Stravinsky fagoteoboeicamente arrulha dissonante que nem tudo está perdido. Nem tudo: apenas. Stravinsky me lembra de todos os finais que vislumbrei ou sobre os quais tropecei. Todos os cortes que me vararam o ventre, como se meu ventre fosse infinito e o corte nunca concluísse. Como disse o Mutarelli, seu som soa no ritmo em que vivo, sinto e penso. Stravinsky vem me dizer que nada está por ser achado. Não que a vida esteja feita, concluída. Mas que nada está por ser achado. Não que eu seja hoje tudo quanto possa, o máximo, do que algum dia poderia ser. Mas que nada está por ser achado. Não que eu ainda não vá viver longos anos, (Paciente da Kehl: "Sei que daqui a um ano vou me sentir melhor. Um ano passa rápido. O que demora a passar é um minuto"), felizes e miseráveis. Mas que nada está por ser achado. Não que hoje eu não ame e odeie e desespere e não vá mais amar e odiar e desesperar. Mas que nada está por ser achado. Não que eu não possa rir do que é engraçado e chorar do que é terrível. Mas que nada está por ser achado. Não que qualquer coisa não. Mas que nada está por ser achado. Não que tudo esteja perdido. Mas que tudo está perdido. Quer dizer, que nada está por ser achado. Nada. Não que mas.

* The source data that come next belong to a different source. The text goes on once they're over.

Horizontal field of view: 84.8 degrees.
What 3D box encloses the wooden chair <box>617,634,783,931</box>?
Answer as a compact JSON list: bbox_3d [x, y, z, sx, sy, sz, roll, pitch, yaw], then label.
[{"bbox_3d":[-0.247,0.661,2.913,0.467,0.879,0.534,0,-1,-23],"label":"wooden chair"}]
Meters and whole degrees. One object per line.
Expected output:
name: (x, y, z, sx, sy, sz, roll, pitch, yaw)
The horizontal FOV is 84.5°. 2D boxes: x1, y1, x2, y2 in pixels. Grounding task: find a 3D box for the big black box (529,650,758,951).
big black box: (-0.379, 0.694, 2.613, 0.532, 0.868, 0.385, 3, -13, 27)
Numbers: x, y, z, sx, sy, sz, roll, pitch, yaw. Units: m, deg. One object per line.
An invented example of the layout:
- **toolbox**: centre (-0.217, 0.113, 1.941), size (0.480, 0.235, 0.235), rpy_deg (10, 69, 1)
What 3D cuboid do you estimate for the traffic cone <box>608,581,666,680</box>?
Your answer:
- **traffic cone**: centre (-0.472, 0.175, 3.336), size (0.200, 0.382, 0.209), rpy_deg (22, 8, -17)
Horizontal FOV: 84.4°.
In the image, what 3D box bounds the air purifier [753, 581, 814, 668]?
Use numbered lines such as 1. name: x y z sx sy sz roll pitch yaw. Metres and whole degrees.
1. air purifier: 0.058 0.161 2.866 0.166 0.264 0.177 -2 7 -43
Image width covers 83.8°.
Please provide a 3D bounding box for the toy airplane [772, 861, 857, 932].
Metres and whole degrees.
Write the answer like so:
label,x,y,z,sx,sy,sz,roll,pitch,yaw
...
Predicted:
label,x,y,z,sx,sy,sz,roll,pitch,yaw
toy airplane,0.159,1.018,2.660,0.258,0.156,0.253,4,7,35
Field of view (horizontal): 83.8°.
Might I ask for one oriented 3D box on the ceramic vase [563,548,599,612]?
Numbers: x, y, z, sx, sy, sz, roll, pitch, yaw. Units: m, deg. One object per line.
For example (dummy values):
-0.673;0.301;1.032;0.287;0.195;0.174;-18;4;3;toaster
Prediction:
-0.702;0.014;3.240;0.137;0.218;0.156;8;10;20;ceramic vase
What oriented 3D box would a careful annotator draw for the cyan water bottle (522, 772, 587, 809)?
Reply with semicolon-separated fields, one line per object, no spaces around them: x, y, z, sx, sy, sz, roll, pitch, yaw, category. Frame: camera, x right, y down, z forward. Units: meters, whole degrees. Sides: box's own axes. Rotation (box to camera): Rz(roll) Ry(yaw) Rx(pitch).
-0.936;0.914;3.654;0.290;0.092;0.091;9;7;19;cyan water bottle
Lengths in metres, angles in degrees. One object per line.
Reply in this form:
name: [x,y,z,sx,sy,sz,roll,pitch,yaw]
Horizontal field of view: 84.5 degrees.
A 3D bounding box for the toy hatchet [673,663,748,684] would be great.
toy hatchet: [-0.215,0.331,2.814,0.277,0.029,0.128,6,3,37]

Nada está por ser achado. Não que eu não vá procurar oquequerque, não que eu não vá achar oquequerque, não que oquequerque não vá me mudar, não que eu não vá mudar o quequerque, não que eu morrendo, transformando-me, não deixarei sempre de ser o que era pra ser outra coisa. Mas que nada está por ser achado. Não que eu não vá descobrir outras coisas, outros rostos, outras maneiras de sofrer, de gozar, não que mas, de pensar, de foder, de beber, de comer, não que eu não vá descobrir bares recônditos e charmosos em ladeiras do Catete, experiência de suma tranquilidade e paz que quase me faz chorar pela nostalgia futura que me abate, a luz amarela sol indoor noturno wáttico halando pelo teto e paredes e os demais presentes, as suas conversas que, graças aos deuses, não ouço, senão belos ruídos, alguns homens bonitos, algumas mulheres bonitas, outros não, outras não, uma cerveja impossível no copo em minhas mãos, e uma mulher, minha companhia, ela disse alguma coisa, me fez rir, o riso dependurou-se um momento mais do que eu planejava pra ele, o tempo de me fazer pensar, o tempo de se tornar outra coisa, perdi o controle, e talvez seja ótimo, ou talvez apenas seu rosto se apague, toda a luz do bar em seu rosto desvaneça, esse rosto liso e negro, sem olhos, boca, nada, é esse vazio (o resto não, o corpo não, um belo vestido e decote, pele branca, etc.) que logo depois se alumia, foram uns dois três segundos escuros, e vejo sua expressão, a pele do rosto esticando e contraindo, os dentes, a cor dos olhos em trânsito, ela ri e pergunta o que estou pensando.

Foi assim?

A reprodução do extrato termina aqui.